ANN Model to Predict Stock Prices at Stock Exchange Markets
This addresses the problem of inaccurate stock price predictions for stockbrokers and investors, but it is incremental as it applies an existing neural network method to financial data.
The research tackled stock price prediction by developing an artificial neural network model, achieving a mean absolute percentage error (MAPE) between 0.71% and 2.77% on data from stock markets like Nairobi Securities Exchange and New York Stock Exchange.
Stock exchanges are considered major players in financial sectors of many countries.
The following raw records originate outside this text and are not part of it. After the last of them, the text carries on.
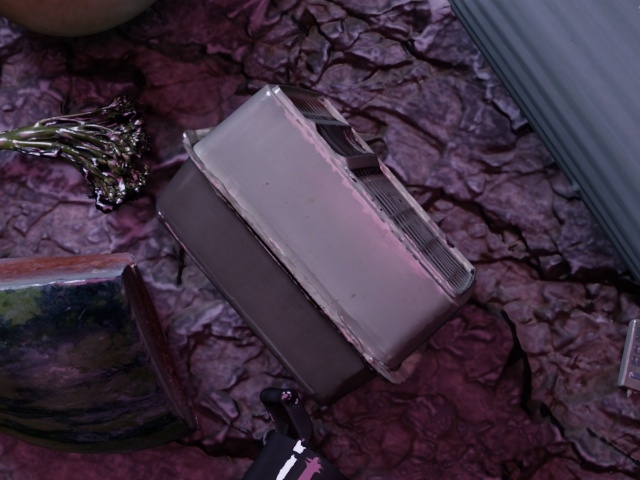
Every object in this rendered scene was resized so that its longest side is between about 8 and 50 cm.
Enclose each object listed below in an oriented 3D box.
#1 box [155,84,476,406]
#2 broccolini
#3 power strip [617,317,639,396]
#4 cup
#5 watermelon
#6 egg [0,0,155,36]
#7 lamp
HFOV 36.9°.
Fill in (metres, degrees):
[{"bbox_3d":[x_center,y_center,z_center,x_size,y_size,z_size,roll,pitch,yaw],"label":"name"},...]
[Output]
[{"bbox_3d":[0.000,0.000,0.885,0.166,0.220,0.290,-42,84,13],"label":"box"},{"bbox_3d":[-0.293,-0.057,0.961,0.272,0.062,0.123,-20,66,-11],"label":"broccolini"},{"bbox_3d":[0.324,0.120,0.979,0.027,0.017,0.083,15,78,2],"label":"power strip"},{"bbox_3d":[0.357,-0.163,0.922,0.310,0.401,0.392,-40,79,25],"label":"cup"},{"bbox_3d":[-0.231,0.070,0.885,0.213,0.261,0.201,-3,52,0],"label":"watermelon"},{"bbox_3d":[-0.219,-0.329,0.935,0.295,0.218,0.218,-39,84,-19],"label":"egg"},{"bbox_3d":[-0.041,0.276,0.886,0.172,0.147,0.227,40,73,-9],"label":"lamp"}]
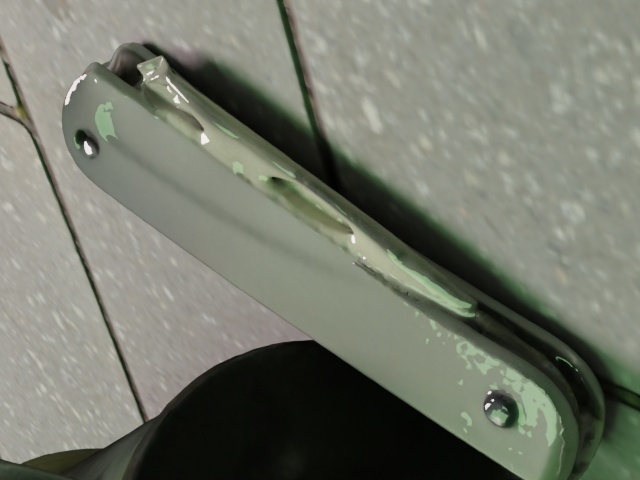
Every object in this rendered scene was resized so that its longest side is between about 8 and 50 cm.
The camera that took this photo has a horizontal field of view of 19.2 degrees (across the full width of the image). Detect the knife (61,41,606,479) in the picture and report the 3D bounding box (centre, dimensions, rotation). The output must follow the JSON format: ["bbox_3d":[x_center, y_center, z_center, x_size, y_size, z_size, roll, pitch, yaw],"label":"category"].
[{"bbox_3d":[0.000,0.003,0.745,0.265,0.040,0.073,36,139,24],"label":"knife"}]

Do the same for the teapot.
[{"bbox_3d":[-0.075,0.153,0.849,0.270,0.200,0.337,24,155,-17],"label":"teapot"}]
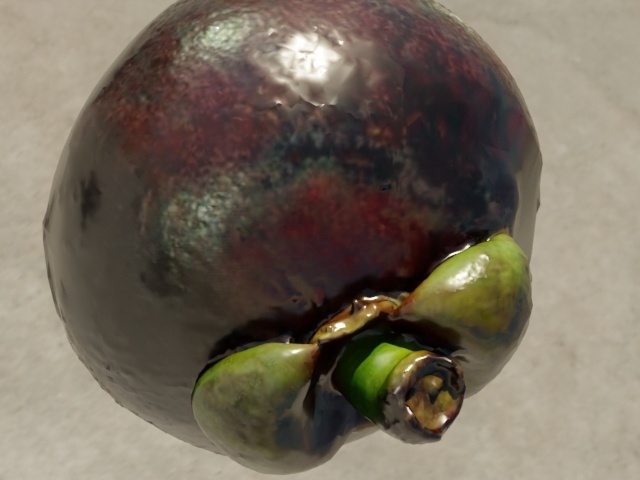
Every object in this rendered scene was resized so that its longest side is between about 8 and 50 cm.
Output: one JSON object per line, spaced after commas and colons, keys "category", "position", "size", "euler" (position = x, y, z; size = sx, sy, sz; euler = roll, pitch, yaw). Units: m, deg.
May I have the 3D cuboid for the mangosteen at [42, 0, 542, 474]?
{"category": "mangosteen", "position": [0.001, -0.007, 0.648], "size": [0.216, 0.216, 0.216], "euler": [20, 55, -31]}
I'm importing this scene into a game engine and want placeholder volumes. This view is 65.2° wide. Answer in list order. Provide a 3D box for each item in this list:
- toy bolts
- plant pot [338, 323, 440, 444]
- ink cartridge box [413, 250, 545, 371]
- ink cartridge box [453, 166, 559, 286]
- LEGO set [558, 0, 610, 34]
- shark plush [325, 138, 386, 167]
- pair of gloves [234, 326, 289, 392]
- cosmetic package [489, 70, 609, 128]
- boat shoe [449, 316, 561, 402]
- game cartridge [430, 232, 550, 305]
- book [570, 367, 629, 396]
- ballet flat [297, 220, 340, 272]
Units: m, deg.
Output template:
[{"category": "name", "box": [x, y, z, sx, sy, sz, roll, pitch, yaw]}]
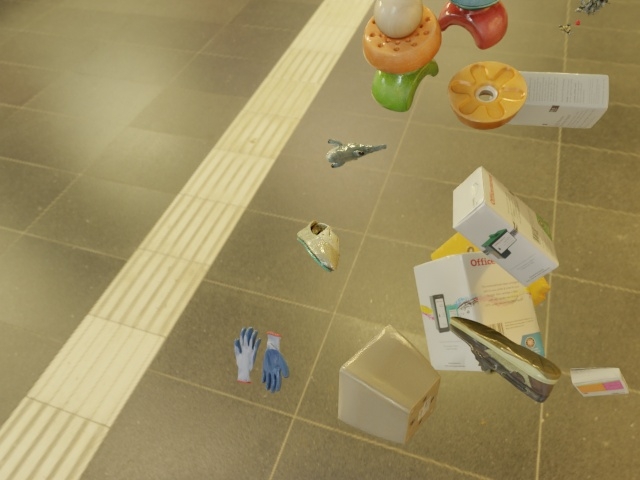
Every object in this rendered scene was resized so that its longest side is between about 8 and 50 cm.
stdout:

Most Stockbrokers, who execute stock trade, use technical, fundamental or time series analysis in trying to predict stock prices, so as to advise clients. However, these strategies do not usually guarantee good returns because they guide on trends and not the most likely price. It is therefore necessary to explore improved methods of prediction. The research proposes the use of Artificial Neural Network that is feedforward multi-layer perceptron with error backpropagation and develops a model of configuration 5:21:21:1 with 80% training data in 130,000 cycles. The research develops a prototype and tests it on 2008-2012 data from stock markets e.g. Nairobi Securities Exchange and New York Stock Exchange, where prediction results show MAPE of between 0.71% and 2.77%. Validation done with Encog and Neuroph realized comparable results. The model is thus capable of prediction on typical stock markets.